++++ Provided material ++++

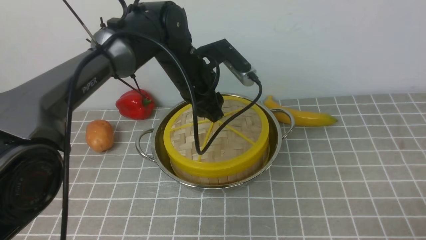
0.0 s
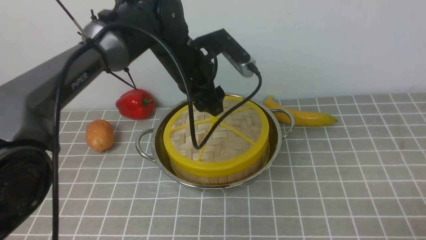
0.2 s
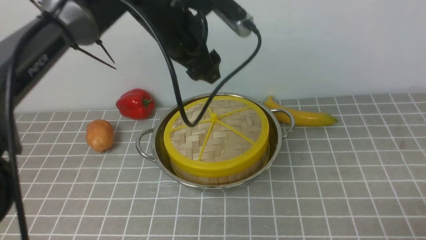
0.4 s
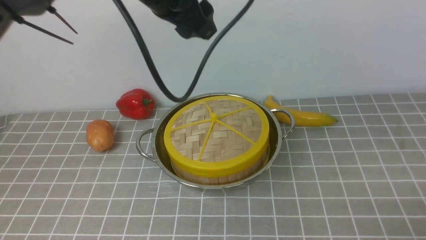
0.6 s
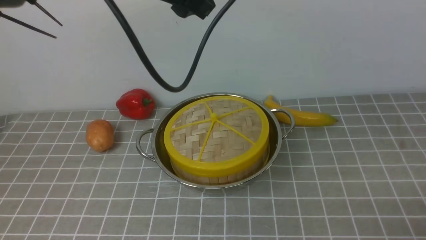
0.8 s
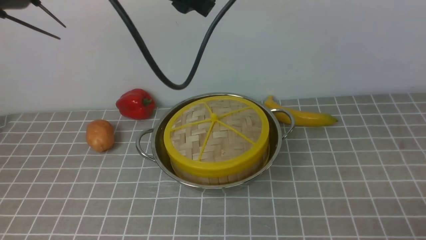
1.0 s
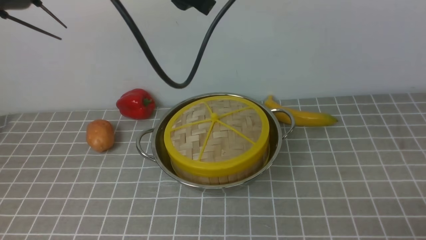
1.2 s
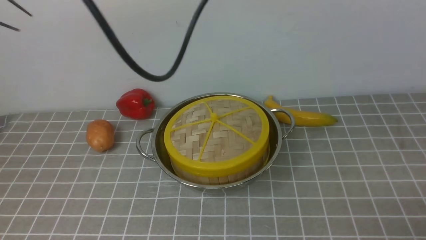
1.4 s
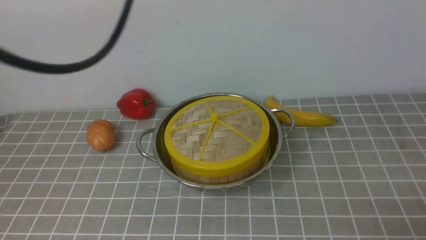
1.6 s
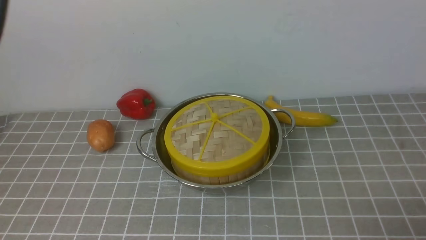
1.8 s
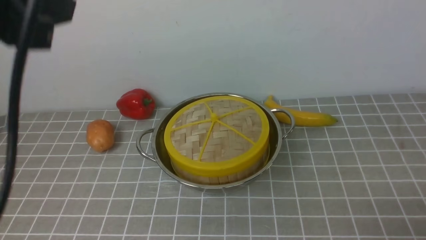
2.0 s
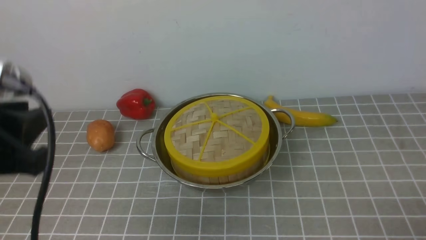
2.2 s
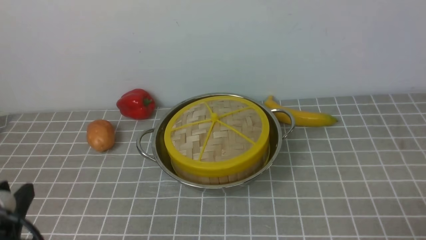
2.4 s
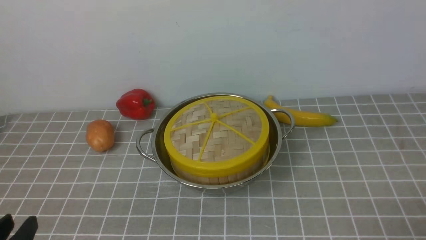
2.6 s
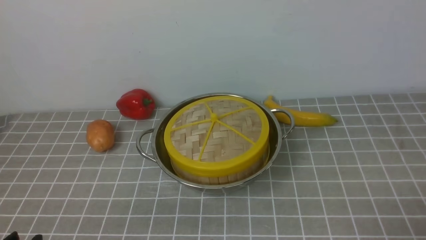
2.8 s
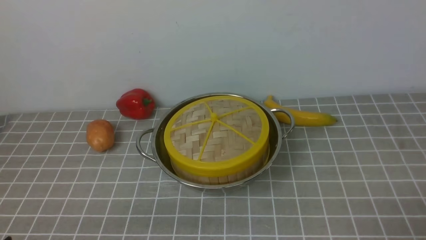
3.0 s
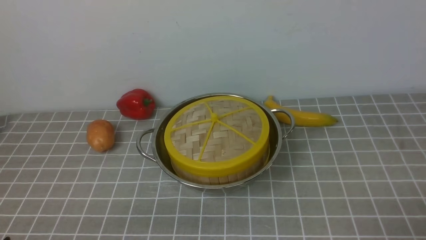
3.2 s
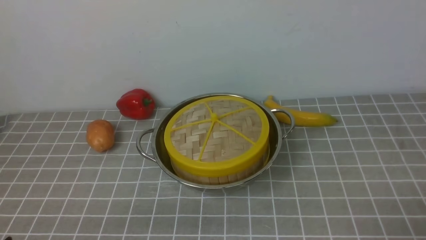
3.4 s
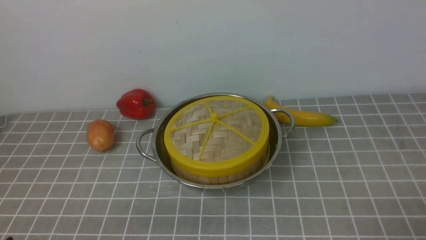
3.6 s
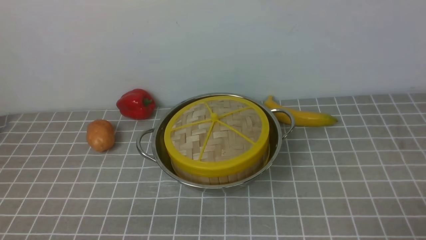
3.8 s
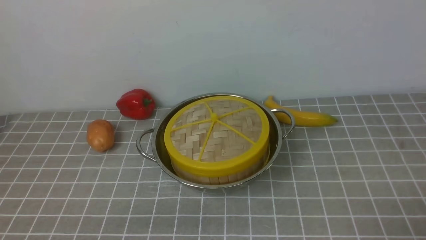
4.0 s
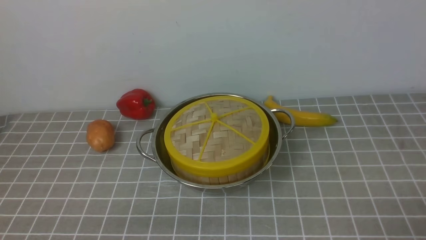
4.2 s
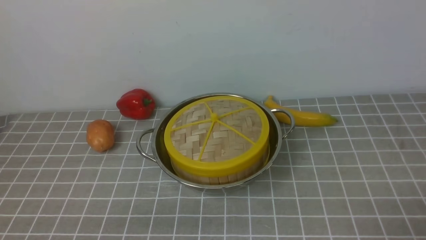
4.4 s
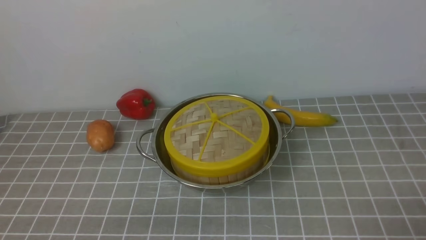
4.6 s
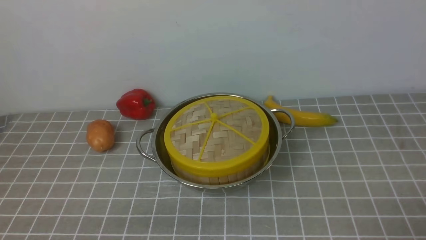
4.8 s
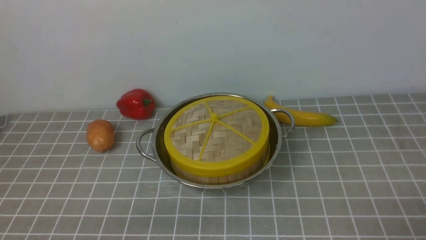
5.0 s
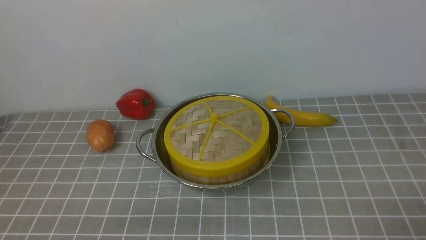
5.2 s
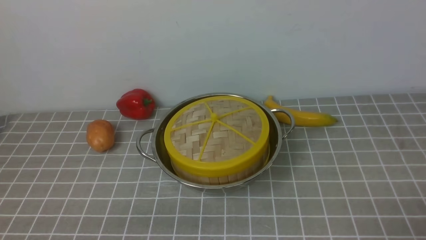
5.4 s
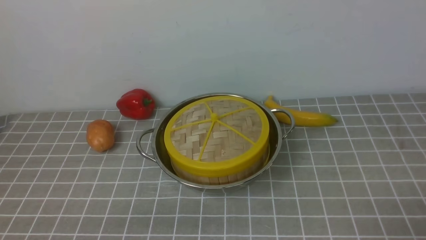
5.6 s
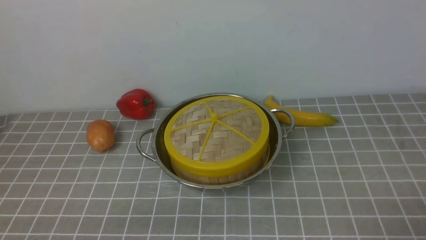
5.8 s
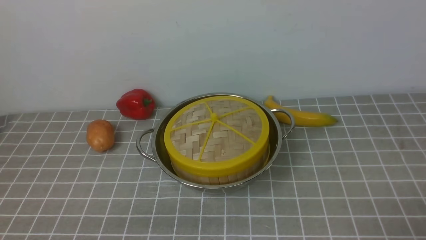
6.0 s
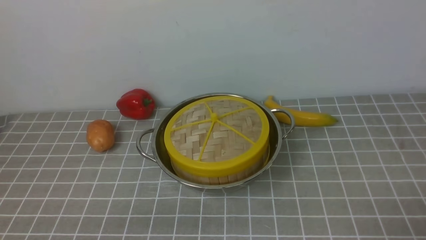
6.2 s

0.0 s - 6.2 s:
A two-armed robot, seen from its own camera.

++++

- [Your objective]:
Up to the line containing "0.0 s - 6.2", skip everything; from that line through the last line above, return each line exactly.

- [Result of this exercise]:
0.0 s - 6.2 s:
A two-armed robot, seen from its own camera.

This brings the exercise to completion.